(Task statement) Copy out the full listing exactly, omitting any picture it contains.

(Collected material)
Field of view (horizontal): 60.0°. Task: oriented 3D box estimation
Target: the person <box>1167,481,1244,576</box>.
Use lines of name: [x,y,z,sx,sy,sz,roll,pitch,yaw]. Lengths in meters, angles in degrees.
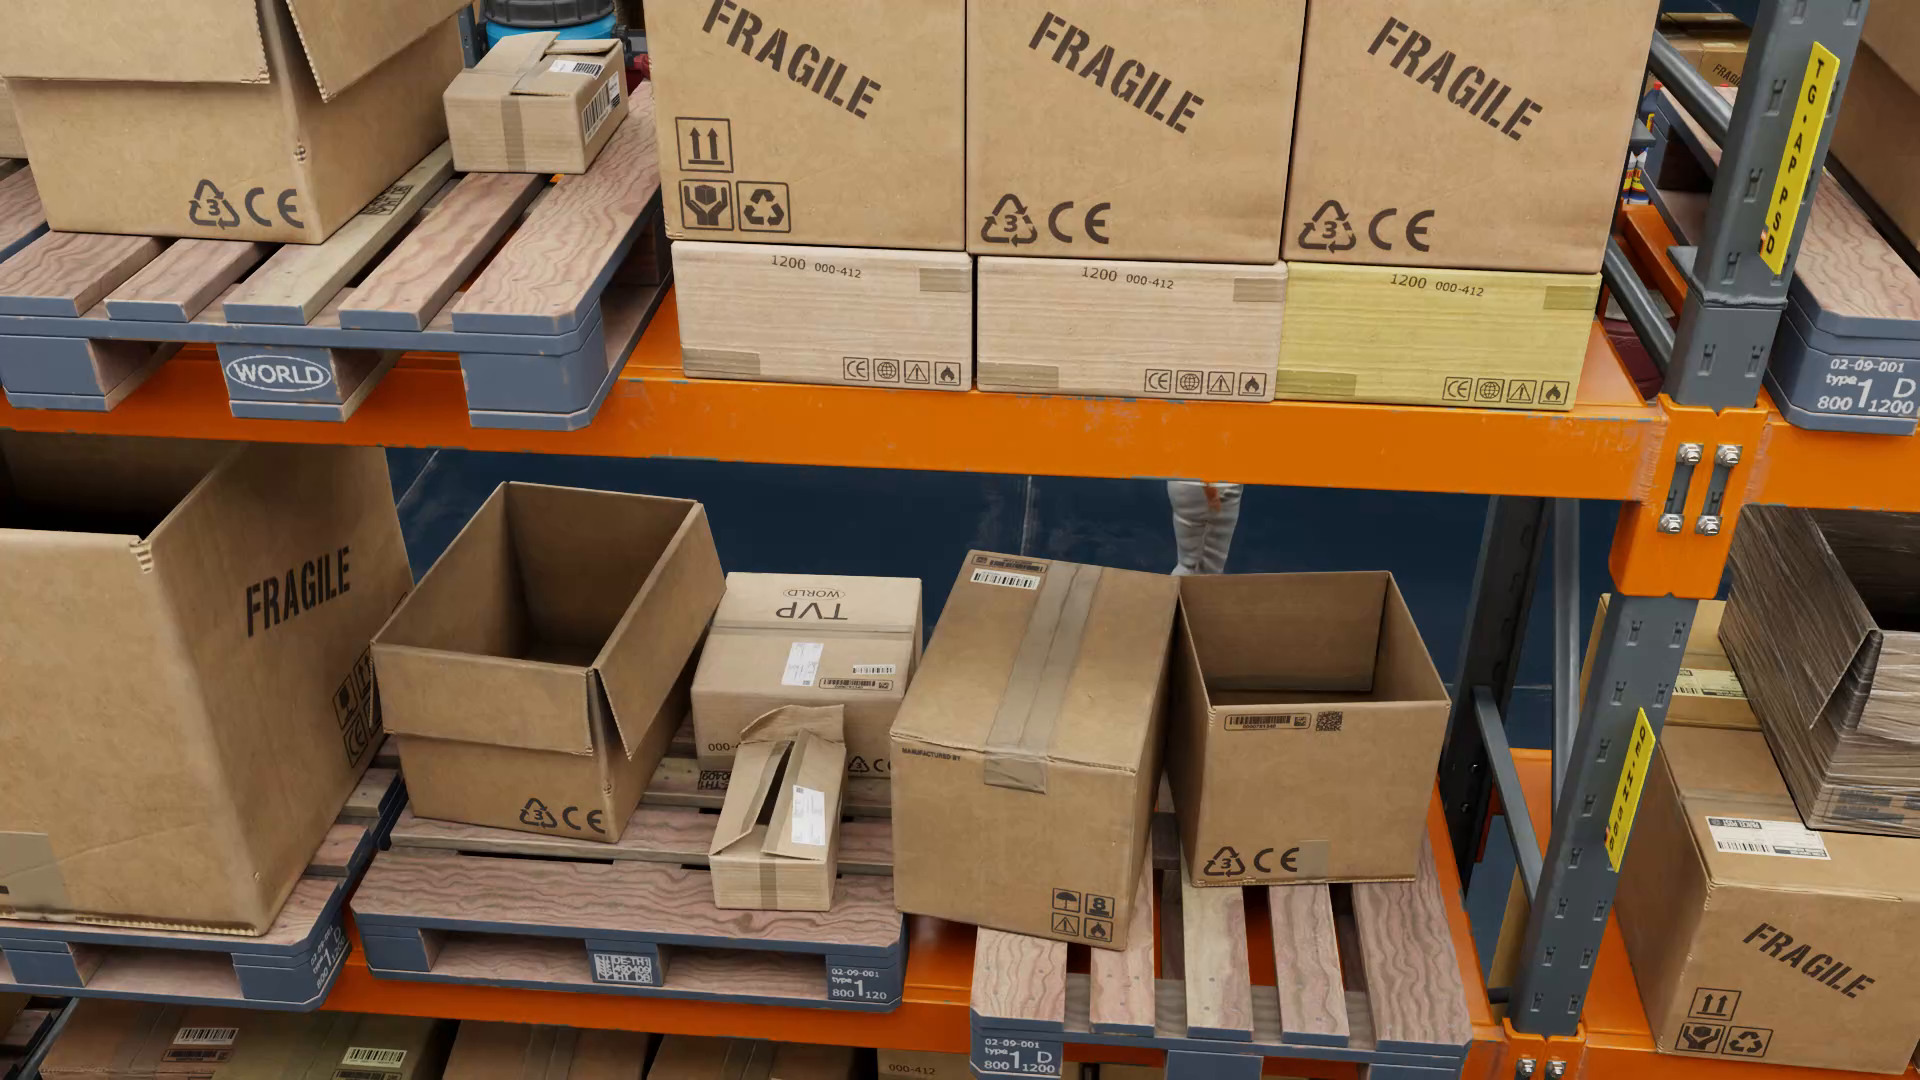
person: [0.988,-0.246,6.586,0.386,1.721,0.485,3,32,5]

(Result)
Field of view (horizontal): 60.0°. Task: oriented 3D box estimation
Target: the person <box>1167,481,1244,576</box>.
Use lines of name: [x,y,z,sx,sy,sz,roll,pitch,yaw]. Lengths in meters, angles in degrees.
person: [0.988,-0.246,6.586,0.386,1.721,0.485,3,32,5]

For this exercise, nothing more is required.